(Records from a collection)
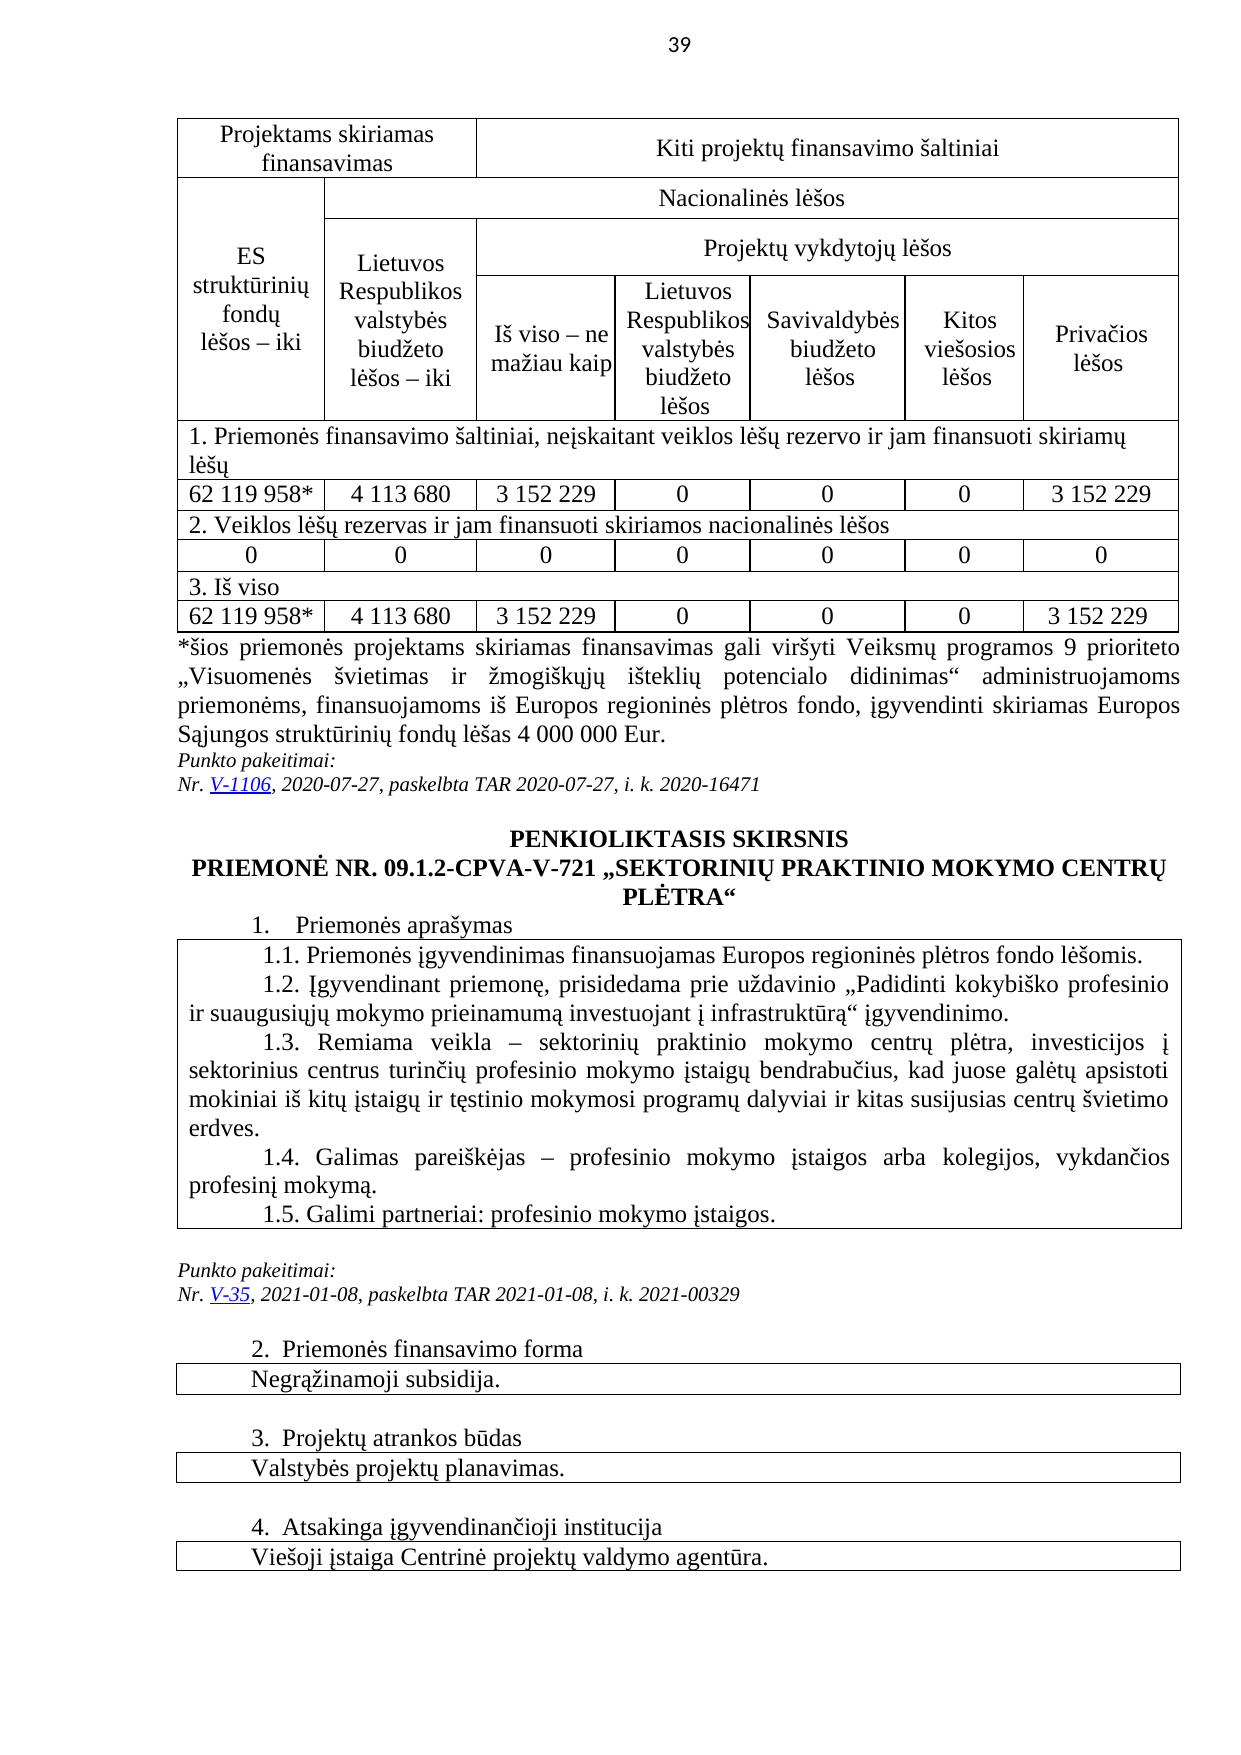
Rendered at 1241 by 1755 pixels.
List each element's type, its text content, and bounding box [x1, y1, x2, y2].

table_cell 0 [178, 540, 324, 571]
table_cell 62 119 958* [178, 601, 324, 631]
text Punkto pakeitimai: [177, 747, 1181, 772]
text 1. Priemonės aprašymas [177, 911, 1181, 939]
table_cell 1.3. Remiama veikla – sektorinių praktinio mokymo centrų plėtra, investicijos į sektorinius centrus turinčių profesinio mokymo įstaigų bendrabučius, kad juose galėtų apsistoti mokiniai iš kitų įstaigų ir tęstinio mokymosi programų dalyviai ir kitas susijusias centrų švietimo erdves. [178, 1027, 1181, 1142]
table_cell 0 [1024, 540, 1178, 571]
table_cell 3 152 229 [477, 480, 614, 509]
table_cell 1.2. Įgyvendinant priemonę, prisidedama prie uždavinio „Padidinti kokybiško profesinio ir suaugusiųjų mokymo prieinamumą investuojant į infrastruktūrą“ įgyvendinimo. [178, 969, 1181, 1027]
table_cell Savivaldybės biudžeto lėšos [751, 276, 904, 420]
table_cell Iš viso – ne mažiau kaip [477, 276, 614, 420]
table_cell Nacionalinės lėšos [325, 178, 1178, 218]
table_cell 3 152 229 [477, 601, 614, 631]
table_header Projektams skiriamas finansavimas [178, 119, 476, 177]
table_cell 0 [477, 540, 614, 571]
table_header 1.1. Priemonės įgyvendinimas finansuojamas Europos regioninės plėtros fondo lėšomis. [178, 940, 1181, 969]
table_cell 0 [751, 480, 904, 509]
table_cell 4 113 680 [325, 480, 476, 509]
text Nr. V-35, 2021-01-08, paskelbta TAR 2021-01-08, i. k. 2021-00329 [177, 1282, 1181, 1306]
text Punkto pakeitimai: [177, 1258, 1181, 1282]
table_header Valstybės projektų planavimas. [177, 1453, 1180, 1482]
table_header Negrąžinamoji subsidija. [177, 1364, 1180, 1394]
table_cell 0 [751, 540, 904, 571]
table_cell 62 119 958* [178, 480, 324, 509]
table_cell ES struktūrinių fondų lėšos – iki [178, 178, 324, 420]
table_cell 0 [325, 540, 476, 571]
table_cell 0 [616, 601, 749, 631]
table_cell 0 [751, 601, 904, 631]
table_cell 3. Iš viso [178, 572, 1178, 600]
table_cell Lietuvos Respublikos valstybės biudžeto lėšos [616, 276, 749, 420]
table_cell 2. Veiklos lėšų rezervas ir jam finansuoti skiriamos nacionalinės lėšos [178, 511, 1178, 539]
table_cell 4 113 680 [325, 601, 476, 631]
table_cell 0 [616, 540, 749, 571]
table_cell 1. Priemonės finansavimo šaltiniai, neįskaitant veiklos lėšų rezervo ir jam finansuoti skiriamų lėšų [178, 421, 1178, 478]
table_cell 0 [906, 480, 1023, 509]
text *šios priemonės projektams skiriamas finansavimas gali viršyti Veiksmų programos 9 prioriteto „Visuomenės švietimas ir žmogiškųjų išteklių potencialo didinimas“ administruojamoms priemonėms, finansuojamoms iš Europos regioninės plėtros fondo, įgyvendinti skiriamas Europos Sąjungos struktūrinių fondų lėšas 4 000 000 Eur. [177, 632, 1181, 747]
text 3. Projektų atrankos būdas [251, 1423, 1181, 1452]
table_cell Kitos viešosios lėšos [906, 276, 1023, 420]
table_cell Lietuvos Respublikos valstybės biudžeto lėšos – iki [325, 219, 476, 420]
table_header Viešoji įstaiga Centrinė projektų valdymo agentūra. [177, 1542, 1180, 1570]
table_cell 0 [906, 540, 1023, 571]
table_cell 0 [616, 480, 749, 509]
table_cell 1.5. Galimi partneriai: profesinio mokymo įstaigos. [178, 1199, 1181, 1228]
text Nr. V-1106, 2020-07-27, paskelbta TAR 2020-07-27, i. k. 2020-16471 [177, 772, 1181, 796]
text PRIEMONĖ NR. 09.1.2-CPVA-V-721 „SEKTORINIŲ PRAKTINIO MOKYMO CENTRŲ PLĖTRA“ [177, 853, 1181, 911]
table_cell 3 152 229 [1024, 601, 1178, 631]
table_cell 0 [906, 601, 1023, 631]
table_cell Projektų vykdytojų lėšos [477, 219, 1178, 275]
table_header Kiti projektų finansavimo šaltiniai [477, 119, 1178, 177]
table_cell 1.4. Galimas pareiškėjas – profesinio mokymo įstaigos arba kolegijos, vykdančios profesinį mokymą. [178, 1142, 1181, 1199]
text 2. Priemonės finansavimo forma [251, 1334, 1181, 1363]
text 4. Atsakinga įgyvendinančioji institucija [251, 1512, 1181, 1541]
table_cell Privačios lėšos [1024, 276, 1178, 420]
table_cell 3 152 229 [1024, 480, 1178, 509]
text PENKIOLIKTASIS SKIRSNIS [177, 824, 1181, 853]
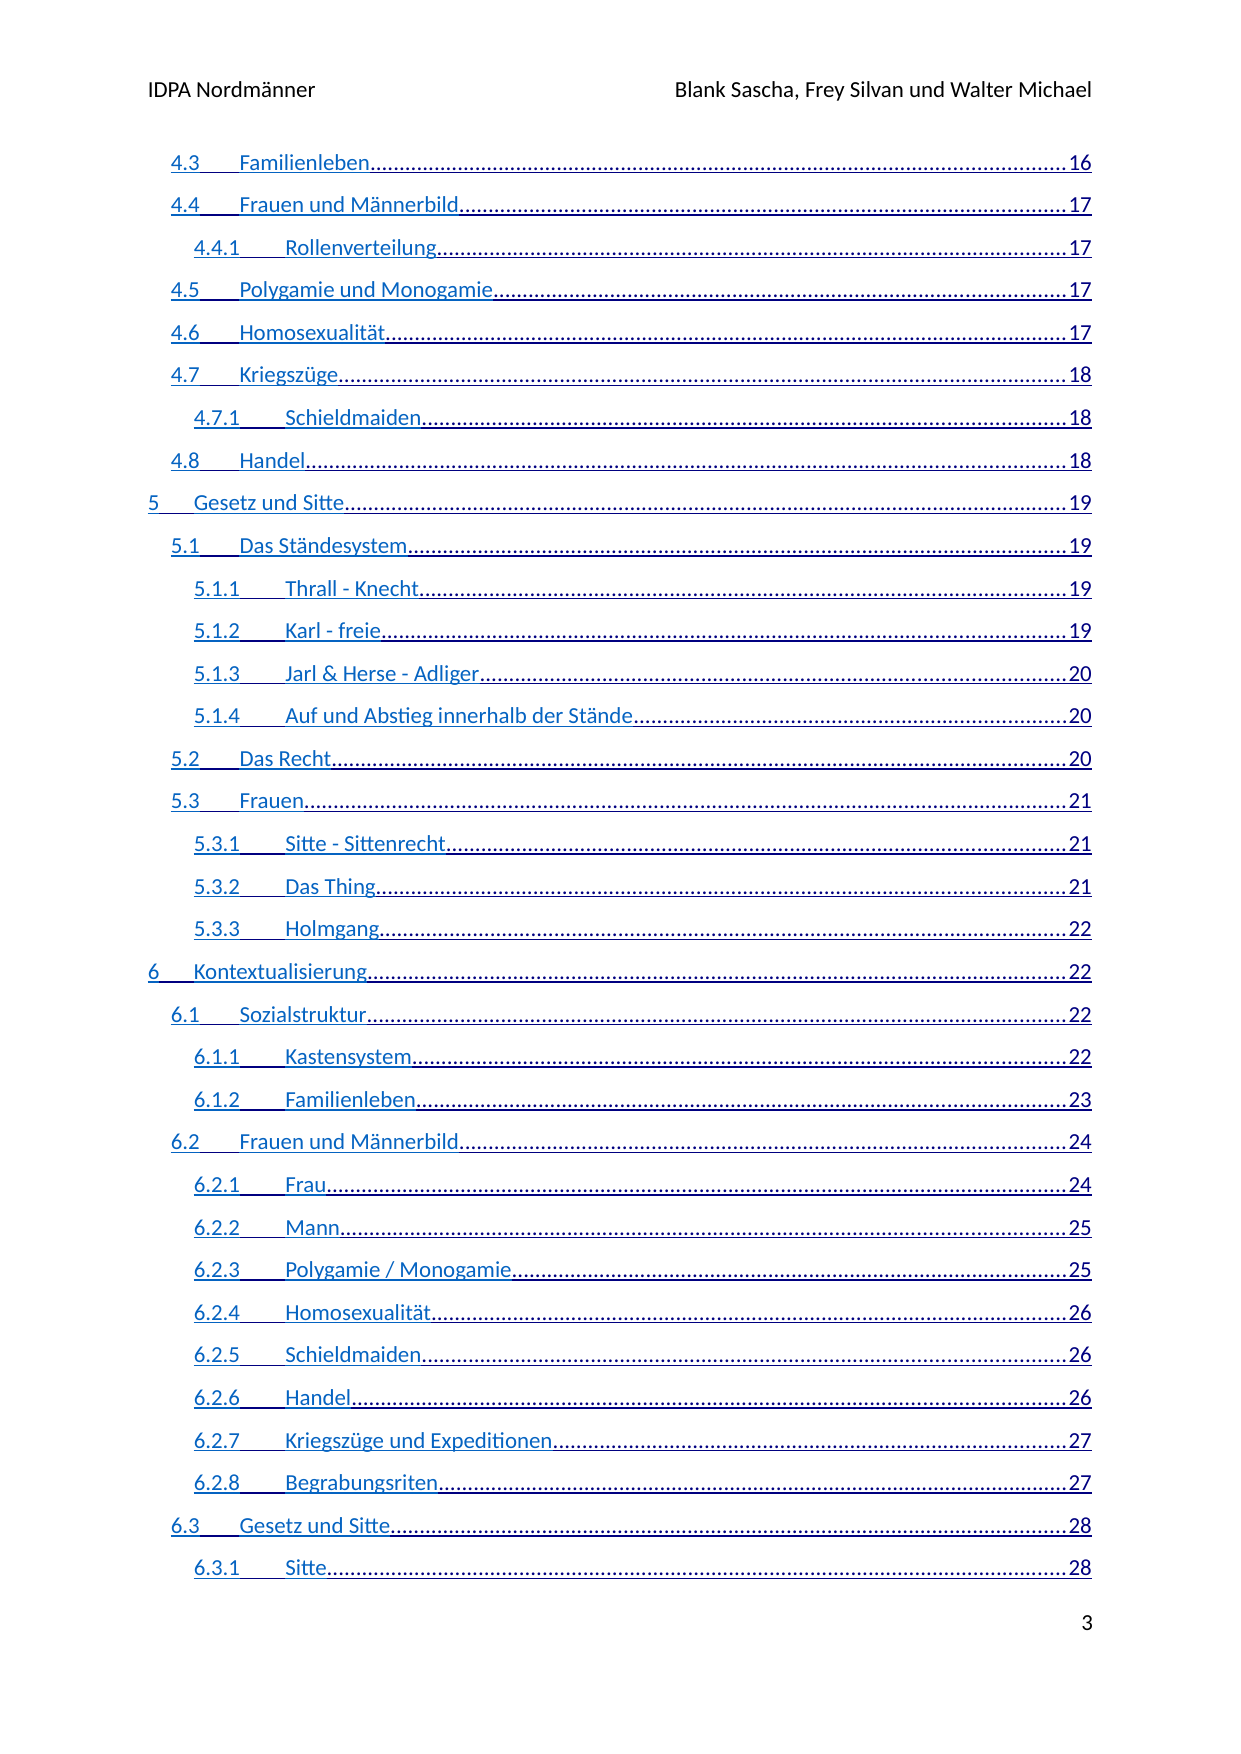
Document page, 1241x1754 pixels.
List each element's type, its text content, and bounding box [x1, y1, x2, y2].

text 6.2.7 Kriegszüge und Expeditionen 27 [193, 1426, 1093, 1454]
text 5.3.1 Sitte - Sittenrecht 21 [193, 829, 1093, 857]
text 6.2.6 Handel 26 [193, 1383, 1093, 1411]
text 6 Kontextualisierung 22 [148, 957, 1093, 985]
text 6.2 Frauen und Männerbild 24 [171, 1127, 1093, 1156]
text 6.2.4 Homosexualität 26 [193, 1298, 1093, 1326]
text 4.4.1 Rollenverteilung 17 [193, 233, 1093, 261]
text 6.3.1 Sitte 28 [193, 1553, 1093, 1582]
text 4.7 Kriegszüge 18 [171, 361, 1093, 389]
text 6.2.2 Mann 25 [193, 1213, 1093, 1241]
text 6.2.5 Schieldmaiden 26 [193, 1341, 1093, 1368]
text 5 Gesetz und Sitte 19 [148, 488, 1093, 516]
text 4.7.1 Schieldmaiden 18 [193, 403, 1093, 431]
text 5.1 Das Ständesystem 19 [171, 531, 1093, 559]
text 6.1.2 Familienleben 23 [193, 1085, 1093, 1113]
text 4.6 Homosexualität 17 [171, 318, 1093, 346]
text 4.4 Frauen und Männerbild 17 [171, 190, 1093, 218]
text 5.1.1 Thrall - Knecht 19 [193, 574, 1093, 602]
text 6.1 Sozialstruktur 22 [171, 1000, 1093, 1028]
text 6.2.1 Frau 24 [193, 1170, 1093, 1198]
text 6.3 Gesetz und Sitte 28 [171, 1511, 1093, 1539]
text 5.1.4 Auf und Abstieg innerhalb der Stände 20 [193, 701, 1093, 729]
text 5.1.3 Jarl & Herse - Adliger 20 [193, 659, 1093, 687]
text 5.1.2 Karl - freie 19 [193, 616, 1093, 644]
text 5.3.2 Das Thing 21 [193, 872, 1093, 900]
text 5.3.3 Holmgang 22 [193, 914, 1093, 942]
text 5.3 Frauen 21 [171, 787, 1093, 815]
text 4.8 Handel 18 [171, 446, 1093, 474]
text 6.2.8 Begrabungsriten 27 [193, 1468, 1093, 1496]
text 6.1.1 Kastensystem 22 [193, 1042, 1093, 1070]
text 5.2 Das Recht 20 [171, 744, 1093, 772]
text 6.2.3 Polygamie / Monogamie 25 [193, 1255, 1093, 1283]
text 4.5 Polygamie und Monogamie 17 [171, 275, 1093, 303]
text 4.3 Familienleben 16 [171, 148, 1093, 176]

> [WHAT YOU SHOULD DO]:
Looking at the entries above, copy out every line in which "Handel" occurs.

> [PROBLEM SOLUTION]:
text 6.2.6 Handel 26 [193, 1383, 1093, 1411]
text 4.8 Handel 18 [171, 446, 1093, 474]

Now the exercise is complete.